Die gläserne Klippe

Von Monika Rosen

Gastkommentare
Monika Rosen ist Börsen-Expertin und Vizepräsidentin der Österreichisch-Amerikanischen Gesellschaft. Mehr als 20 Jahre war sie Chefanalystin einer österreichischen Großbank. Twitter: @Monika_Rosen

Der Aufstieg auf der Karriereleiter ist für Frauen immer noch schwieriger als für Männer. Über die Gründe dafür wird oft diskutiert. Zweifelsohne wird eine Frau in einer Führungsposition immer noch kritischer beäugt als ein männlicher Kollege - und das beginnt schon beim Aussehen. Der weibliche Führungsstil ist meist auch anders geprägt als der der Männer. Es geht mehr um das Miteinander und die Leistung im Team.

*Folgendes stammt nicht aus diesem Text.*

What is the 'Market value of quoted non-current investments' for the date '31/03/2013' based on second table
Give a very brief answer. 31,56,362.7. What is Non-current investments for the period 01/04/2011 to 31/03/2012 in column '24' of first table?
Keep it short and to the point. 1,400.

Nicht zuletzt deshalb werden Frauen gern in Krisen an die Spitze gerufen. Man nennt dieses Phänomen die "Gläserne Klippe". Typisch weibliche Eigenschaften wie Empathie und Kommunikationsfähigkeit sind in einer schwierigen Phase sehr gefragt. Darüber hinaus behaupten böse Zungen, dass es auch noch andere Gründe für das Phänomen gibt. Falls die Managerin das Schiff erfolgreich in ruhigere Gewässer führt, kann dann wieder ein Mann übernehmen. Sollte sie aber scheitern, hat sich kein Mann seinen Lebenslauf verpatzt.

Ein berühmtes Beispiel ist die ehemalige britische Premierministerin Theresa May, der der Brexit zum Verhängnis wurde. Mehr Fortune hatte Karin Bergmann, die erste Burgtheaterdirektorin, die auf den 2014 entlassenen Matthias Hartmann folgte. In jedem Fall sehen Frauen ihr Leben, und damit auch ihre Karriere, ganzheitlicher als Männer. Das sollten wir als Chance begreifen.